老潘總是這麽憤世嫉俗,其中成因也應該有這個死活搞不定的案子。應該說,這是法定財產,但卻就是不能回歸到所有者處,法律也奈何不得。麵對現在朝陽區法院拿著一群擁有不動產的業主開刀之際,怎麽拿老潘的執行申請視若無睹呢?

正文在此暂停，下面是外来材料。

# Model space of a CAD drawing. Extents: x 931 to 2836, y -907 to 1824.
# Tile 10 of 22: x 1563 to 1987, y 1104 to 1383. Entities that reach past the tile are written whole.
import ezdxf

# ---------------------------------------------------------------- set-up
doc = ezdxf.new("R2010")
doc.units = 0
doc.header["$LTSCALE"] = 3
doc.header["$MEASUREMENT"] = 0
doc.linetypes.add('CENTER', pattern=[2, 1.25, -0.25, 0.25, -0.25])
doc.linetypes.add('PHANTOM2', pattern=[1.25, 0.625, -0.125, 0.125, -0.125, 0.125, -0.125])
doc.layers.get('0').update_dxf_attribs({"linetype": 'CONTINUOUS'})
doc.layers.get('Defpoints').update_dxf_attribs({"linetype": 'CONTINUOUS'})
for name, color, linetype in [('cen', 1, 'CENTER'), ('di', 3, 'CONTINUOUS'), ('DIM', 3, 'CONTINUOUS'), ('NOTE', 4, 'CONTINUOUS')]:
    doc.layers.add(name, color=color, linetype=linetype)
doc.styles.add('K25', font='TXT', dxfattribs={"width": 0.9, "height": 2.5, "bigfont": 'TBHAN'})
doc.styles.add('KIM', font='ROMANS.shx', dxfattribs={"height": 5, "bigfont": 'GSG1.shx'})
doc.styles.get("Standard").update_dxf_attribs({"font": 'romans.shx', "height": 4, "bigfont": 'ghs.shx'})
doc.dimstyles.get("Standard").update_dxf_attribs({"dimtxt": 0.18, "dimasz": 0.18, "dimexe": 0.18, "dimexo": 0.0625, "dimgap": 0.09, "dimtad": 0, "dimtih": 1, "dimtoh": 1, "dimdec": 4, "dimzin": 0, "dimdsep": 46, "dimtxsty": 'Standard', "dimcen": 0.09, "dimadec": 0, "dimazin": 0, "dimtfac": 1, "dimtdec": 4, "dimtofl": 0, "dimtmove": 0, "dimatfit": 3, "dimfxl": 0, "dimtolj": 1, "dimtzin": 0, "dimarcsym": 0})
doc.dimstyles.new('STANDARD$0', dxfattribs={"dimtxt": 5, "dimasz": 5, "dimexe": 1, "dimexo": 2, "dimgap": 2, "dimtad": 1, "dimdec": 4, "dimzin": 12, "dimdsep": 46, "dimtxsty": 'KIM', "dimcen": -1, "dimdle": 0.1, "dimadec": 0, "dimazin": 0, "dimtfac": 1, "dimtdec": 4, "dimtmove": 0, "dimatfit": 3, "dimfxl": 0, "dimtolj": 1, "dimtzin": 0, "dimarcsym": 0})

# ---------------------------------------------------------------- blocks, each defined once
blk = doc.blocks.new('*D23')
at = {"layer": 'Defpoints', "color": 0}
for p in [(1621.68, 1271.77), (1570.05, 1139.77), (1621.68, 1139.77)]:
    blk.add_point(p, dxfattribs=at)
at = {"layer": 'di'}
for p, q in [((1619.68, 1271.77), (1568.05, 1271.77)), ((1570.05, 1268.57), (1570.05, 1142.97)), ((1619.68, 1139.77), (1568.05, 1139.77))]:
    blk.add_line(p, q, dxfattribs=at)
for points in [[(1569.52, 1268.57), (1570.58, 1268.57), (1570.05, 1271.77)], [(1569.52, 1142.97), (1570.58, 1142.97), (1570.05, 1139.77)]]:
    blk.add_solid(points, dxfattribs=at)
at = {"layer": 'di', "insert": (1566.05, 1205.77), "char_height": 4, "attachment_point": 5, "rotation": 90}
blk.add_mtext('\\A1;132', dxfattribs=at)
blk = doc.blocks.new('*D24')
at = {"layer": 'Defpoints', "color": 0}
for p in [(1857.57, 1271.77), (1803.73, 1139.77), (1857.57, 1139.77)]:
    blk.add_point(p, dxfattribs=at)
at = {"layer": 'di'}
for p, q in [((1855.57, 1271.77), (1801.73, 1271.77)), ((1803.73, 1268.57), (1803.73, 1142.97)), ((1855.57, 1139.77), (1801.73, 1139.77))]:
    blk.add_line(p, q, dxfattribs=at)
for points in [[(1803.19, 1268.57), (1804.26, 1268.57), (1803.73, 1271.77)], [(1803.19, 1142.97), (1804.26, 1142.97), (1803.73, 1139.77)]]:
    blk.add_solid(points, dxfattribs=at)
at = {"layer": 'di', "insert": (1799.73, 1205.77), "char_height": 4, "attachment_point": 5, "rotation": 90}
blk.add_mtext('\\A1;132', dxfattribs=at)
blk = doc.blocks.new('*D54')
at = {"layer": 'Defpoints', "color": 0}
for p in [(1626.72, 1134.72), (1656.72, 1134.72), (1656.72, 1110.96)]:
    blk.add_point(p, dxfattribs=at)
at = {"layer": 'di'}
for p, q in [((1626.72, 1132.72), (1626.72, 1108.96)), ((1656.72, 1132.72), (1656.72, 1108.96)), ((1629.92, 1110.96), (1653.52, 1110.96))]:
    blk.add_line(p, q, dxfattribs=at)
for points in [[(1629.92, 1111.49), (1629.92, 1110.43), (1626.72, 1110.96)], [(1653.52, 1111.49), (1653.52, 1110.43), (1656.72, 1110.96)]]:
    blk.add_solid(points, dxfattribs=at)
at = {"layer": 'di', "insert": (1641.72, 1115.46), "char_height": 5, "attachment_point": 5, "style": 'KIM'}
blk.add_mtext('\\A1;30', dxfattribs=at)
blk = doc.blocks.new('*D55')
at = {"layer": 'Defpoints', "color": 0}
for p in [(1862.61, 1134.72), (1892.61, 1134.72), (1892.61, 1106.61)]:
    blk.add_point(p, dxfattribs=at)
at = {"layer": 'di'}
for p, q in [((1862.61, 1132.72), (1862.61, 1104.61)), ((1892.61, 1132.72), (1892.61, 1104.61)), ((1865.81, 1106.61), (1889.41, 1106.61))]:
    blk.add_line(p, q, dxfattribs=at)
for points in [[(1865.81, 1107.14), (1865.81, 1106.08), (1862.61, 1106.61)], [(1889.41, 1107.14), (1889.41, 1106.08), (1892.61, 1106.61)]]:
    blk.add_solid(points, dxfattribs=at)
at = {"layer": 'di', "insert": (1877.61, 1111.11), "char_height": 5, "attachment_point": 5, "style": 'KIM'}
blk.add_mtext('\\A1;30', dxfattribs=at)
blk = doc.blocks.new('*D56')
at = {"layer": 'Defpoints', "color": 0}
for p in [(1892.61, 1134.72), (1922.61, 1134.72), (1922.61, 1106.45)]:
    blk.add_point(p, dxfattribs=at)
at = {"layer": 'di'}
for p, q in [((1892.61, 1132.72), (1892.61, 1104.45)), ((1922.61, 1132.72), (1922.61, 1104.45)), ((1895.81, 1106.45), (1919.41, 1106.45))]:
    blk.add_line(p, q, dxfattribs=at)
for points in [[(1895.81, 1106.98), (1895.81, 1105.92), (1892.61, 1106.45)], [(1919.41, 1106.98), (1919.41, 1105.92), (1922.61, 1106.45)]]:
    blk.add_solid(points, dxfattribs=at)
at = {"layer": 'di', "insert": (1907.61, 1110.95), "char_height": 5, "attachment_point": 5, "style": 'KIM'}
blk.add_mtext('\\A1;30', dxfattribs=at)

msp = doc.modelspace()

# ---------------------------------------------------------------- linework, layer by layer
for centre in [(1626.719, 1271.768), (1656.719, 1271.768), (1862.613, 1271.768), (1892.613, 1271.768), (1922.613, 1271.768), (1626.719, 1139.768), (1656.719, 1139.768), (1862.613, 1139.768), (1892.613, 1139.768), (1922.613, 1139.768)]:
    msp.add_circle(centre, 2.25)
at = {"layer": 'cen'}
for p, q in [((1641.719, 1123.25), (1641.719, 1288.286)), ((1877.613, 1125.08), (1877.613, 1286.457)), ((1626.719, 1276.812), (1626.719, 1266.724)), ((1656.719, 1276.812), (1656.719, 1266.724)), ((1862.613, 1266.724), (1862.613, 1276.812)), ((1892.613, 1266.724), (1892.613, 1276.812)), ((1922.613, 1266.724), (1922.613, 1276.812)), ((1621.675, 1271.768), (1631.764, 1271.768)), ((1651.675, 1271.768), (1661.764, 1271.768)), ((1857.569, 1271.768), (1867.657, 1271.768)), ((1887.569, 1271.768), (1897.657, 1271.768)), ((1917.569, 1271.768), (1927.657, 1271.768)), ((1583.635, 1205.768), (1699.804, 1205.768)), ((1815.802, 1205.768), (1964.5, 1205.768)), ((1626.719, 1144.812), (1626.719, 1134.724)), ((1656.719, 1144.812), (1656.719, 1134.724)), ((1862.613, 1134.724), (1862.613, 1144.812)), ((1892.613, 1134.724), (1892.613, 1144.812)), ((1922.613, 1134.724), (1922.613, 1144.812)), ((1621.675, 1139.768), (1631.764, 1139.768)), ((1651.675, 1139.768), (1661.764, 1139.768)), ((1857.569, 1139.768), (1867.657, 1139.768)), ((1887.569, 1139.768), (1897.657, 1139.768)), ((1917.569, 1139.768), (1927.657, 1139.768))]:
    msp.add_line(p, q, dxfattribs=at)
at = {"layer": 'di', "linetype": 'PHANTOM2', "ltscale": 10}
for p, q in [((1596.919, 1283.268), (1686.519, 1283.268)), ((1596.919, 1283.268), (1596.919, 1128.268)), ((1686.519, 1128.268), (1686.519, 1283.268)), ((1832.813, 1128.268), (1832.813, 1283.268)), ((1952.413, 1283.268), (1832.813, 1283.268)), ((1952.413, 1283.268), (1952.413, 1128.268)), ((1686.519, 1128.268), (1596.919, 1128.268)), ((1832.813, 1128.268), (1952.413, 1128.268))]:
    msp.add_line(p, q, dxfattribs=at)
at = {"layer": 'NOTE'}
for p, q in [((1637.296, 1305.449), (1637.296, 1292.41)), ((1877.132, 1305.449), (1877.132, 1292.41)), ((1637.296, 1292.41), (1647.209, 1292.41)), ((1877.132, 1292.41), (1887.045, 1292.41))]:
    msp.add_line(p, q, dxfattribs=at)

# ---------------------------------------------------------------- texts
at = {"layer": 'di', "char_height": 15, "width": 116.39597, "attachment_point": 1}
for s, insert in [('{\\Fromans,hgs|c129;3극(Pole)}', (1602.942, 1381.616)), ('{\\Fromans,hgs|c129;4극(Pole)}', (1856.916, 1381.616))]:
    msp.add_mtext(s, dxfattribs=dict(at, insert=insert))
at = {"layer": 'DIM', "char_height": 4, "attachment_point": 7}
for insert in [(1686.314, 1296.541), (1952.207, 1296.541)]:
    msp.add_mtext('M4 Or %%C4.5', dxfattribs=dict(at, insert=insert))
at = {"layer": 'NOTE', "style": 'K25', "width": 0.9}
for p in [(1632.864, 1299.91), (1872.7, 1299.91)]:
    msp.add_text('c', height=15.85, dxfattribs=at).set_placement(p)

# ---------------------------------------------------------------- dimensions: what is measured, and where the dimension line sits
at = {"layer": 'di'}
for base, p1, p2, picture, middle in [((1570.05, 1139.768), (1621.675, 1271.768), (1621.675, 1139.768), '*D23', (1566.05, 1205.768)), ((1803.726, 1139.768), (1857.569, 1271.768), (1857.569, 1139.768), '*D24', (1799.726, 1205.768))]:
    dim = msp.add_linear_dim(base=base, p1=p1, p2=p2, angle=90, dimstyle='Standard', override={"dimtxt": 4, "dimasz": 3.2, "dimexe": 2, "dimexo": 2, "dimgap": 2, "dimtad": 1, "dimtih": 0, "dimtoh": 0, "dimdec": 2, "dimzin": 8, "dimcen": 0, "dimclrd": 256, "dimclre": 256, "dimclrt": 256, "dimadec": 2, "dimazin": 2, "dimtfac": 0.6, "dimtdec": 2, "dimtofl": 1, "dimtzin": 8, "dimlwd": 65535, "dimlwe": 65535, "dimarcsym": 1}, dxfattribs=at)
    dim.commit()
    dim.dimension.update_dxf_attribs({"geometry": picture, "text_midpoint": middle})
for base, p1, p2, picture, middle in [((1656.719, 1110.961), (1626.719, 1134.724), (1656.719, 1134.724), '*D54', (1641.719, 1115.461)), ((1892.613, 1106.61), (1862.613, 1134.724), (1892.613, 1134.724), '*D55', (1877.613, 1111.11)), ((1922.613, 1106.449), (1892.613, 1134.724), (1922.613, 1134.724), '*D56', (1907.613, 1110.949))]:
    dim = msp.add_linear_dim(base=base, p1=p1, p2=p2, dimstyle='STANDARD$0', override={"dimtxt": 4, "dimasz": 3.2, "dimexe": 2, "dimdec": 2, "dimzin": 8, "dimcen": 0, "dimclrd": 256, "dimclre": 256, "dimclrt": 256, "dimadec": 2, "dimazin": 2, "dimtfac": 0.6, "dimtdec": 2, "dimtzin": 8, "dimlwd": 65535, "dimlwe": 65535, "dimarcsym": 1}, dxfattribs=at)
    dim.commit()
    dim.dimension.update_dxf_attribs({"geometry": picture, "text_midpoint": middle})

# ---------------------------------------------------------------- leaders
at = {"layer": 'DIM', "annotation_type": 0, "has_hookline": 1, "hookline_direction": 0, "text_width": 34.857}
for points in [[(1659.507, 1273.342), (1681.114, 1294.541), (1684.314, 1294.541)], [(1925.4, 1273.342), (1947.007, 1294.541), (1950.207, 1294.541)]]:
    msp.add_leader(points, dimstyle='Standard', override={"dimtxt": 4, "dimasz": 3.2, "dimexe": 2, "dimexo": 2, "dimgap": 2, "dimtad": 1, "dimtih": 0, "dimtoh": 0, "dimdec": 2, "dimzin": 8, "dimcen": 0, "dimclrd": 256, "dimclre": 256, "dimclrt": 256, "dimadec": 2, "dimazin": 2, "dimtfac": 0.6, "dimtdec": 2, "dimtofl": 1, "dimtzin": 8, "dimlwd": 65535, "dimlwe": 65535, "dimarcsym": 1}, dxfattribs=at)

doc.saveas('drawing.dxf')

前幾天,當法院做出強製執行通告警示時,筆者還猜想法院麵對如此眾多的拒絕執行者是否敢於觸犯眾怒鋌而走險,有朋友看到稿子後回複也抱著看熱鬧的態度,看看法院究竟會怎麽做。不成想,法院還是動真格的了,荷槍實彈麵對一群手無寸鐵的居家過日子的業主。

於是,法律還是站到了在信息擁有程度、組織化程度、社會關係資源動員程度相對強勢的以物業公司為代表的企業一方,卻視業主權益屢屢被侵害的客觀事實和法律事實於不顧;以維護公共利益法定機構的檢察院方麵在此的無所作為為代表,整個社會在公民個人權益受損的狀況無處不在的情況下集體失語,維係社會存在的對於弱勢群體政策、司法以及社會救濟體係很不可思議地未曾存在過,這將給那些被執行了的業主、以及執行不了財產的老潘都帶來什麽呢?如此下去,祥林嫂就繼續絮叨去吧。